In the 1890's Muskegon workers began making high-quality pianos inside the Chase-Hackley building on Shoreline Drive.
Production at the factory lasted until 1930. After the factory closed the building was used as office space for the Sappi Paper Mill.
This 120-acre site on Muskegon Lake was purchased by Pure Muskegon. Much of the land has already been cleared and prepared for the proposed Windward Pointe development. That project is expected to be a sprawling multi-use development with marinas, housing, retail and commercial space. The waterfront property will likely play a big role in the city's future.
On Monday Sept. 18, workers started slowly knocking down portions of the piano factory at the Sappi property.

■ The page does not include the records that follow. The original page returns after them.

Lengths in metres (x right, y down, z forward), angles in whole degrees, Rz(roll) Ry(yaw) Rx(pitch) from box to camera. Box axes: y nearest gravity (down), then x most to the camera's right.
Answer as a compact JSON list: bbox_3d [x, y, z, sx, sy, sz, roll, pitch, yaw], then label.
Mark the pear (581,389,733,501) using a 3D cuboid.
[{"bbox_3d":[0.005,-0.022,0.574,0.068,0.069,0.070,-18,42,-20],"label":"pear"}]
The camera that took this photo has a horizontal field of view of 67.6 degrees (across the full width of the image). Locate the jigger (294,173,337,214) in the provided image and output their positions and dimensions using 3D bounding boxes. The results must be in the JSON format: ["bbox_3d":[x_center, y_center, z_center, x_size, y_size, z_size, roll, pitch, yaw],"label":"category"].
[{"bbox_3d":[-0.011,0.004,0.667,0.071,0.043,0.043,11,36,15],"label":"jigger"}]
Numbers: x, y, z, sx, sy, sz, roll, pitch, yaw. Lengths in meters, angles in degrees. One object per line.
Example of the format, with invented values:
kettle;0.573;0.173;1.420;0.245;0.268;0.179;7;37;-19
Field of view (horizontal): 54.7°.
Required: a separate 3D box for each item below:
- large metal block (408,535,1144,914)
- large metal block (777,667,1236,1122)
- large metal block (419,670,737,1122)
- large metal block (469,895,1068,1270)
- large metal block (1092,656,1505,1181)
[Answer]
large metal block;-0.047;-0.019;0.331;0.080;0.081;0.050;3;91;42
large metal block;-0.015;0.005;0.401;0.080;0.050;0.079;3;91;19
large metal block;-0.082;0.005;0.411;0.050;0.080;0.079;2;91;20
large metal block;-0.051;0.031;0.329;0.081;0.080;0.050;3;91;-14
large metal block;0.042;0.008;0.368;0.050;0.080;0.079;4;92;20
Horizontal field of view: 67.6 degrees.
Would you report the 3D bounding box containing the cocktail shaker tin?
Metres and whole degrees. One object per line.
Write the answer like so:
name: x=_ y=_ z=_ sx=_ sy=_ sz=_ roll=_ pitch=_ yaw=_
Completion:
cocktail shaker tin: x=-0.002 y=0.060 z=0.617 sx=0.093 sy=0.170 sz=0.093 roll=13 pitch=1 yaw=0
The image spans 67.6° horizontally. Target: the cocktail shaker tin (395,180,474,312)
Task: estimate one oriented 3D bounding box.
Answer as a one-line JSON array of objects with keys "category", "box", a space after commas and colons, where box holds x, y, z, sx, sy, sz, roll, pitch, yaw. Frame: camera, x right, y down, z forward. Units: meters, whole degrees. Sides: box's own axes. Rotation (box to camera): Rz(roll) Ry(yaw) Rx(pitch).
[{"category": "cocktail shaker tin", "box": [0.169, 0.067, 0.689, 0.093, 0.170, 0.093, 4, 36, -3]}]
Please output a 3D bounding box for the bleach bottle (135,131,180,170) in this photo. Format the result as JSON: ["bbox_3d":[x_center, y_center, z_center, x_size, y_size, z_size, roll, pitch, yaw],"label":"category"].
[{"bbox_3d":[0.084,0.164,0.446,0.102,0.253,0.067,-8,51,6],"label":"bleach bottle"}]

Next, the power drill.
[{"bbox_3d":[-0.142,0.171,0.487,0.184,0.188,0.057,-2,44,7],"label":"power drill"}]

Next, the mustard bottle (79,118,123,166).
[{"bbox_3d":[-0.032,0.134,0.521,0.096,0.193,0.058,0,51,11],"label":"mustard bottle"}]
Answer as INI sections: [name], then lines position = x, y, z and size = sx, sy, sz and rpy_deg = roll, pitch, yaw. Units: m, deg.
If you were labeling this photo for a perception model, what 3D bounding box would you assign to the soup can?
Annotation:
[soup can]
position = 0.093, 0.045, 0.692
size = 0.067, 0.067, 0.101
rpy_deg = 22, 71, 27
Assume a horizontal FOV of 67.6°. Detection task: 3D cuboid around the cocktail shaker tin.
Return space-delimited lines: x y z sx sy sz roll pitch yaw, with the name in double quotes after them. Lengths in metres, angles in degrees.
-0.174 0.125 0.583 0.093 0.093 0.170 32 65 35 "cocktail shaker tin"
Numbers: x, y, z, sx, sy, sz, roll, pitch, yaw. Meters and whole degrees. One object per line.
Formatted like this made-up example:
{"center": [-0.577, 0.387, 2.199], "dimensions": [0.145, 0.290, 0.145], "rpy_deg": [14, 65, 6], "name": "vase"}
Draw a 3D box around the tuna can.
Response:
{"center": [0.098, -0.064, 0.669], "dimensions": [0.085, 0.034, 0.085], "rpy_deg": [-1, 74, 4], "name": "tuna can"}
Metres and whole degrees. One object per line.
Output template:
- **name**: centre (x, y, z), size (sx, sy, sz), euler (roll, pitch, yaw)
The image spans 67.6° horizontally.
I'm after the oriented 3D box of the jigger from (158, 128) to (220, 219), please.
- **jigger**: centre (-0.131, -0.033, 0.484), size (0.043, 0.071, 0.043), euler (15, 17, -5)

"I mean it is always sad to see a beautiful building like that go," said Sandy Spira.
Spira watched as the first walls of the factory were knocked to the ground.
A group of Muskegon residents didn't want the piano factory removed. Earlier this year several hundred signed a petition asking developers to save the building. But developers determined it would be too costly to renovate the nearly 130-year old building.
"I think we are fortunate that this is all going to be developed," Spira said.
In July one of two smoke stacks at the property was removed.
The second has been cleaned. It too is ready to be knocked to the ground.
When the Windward Pointe development was announced in 2016, developers said it could be a 200-million dollars project that may take a decade to build.
The remaining smoke stack is expected to come down on Sunday, Oct. 1. The stack should be knocked down around 9 a.m.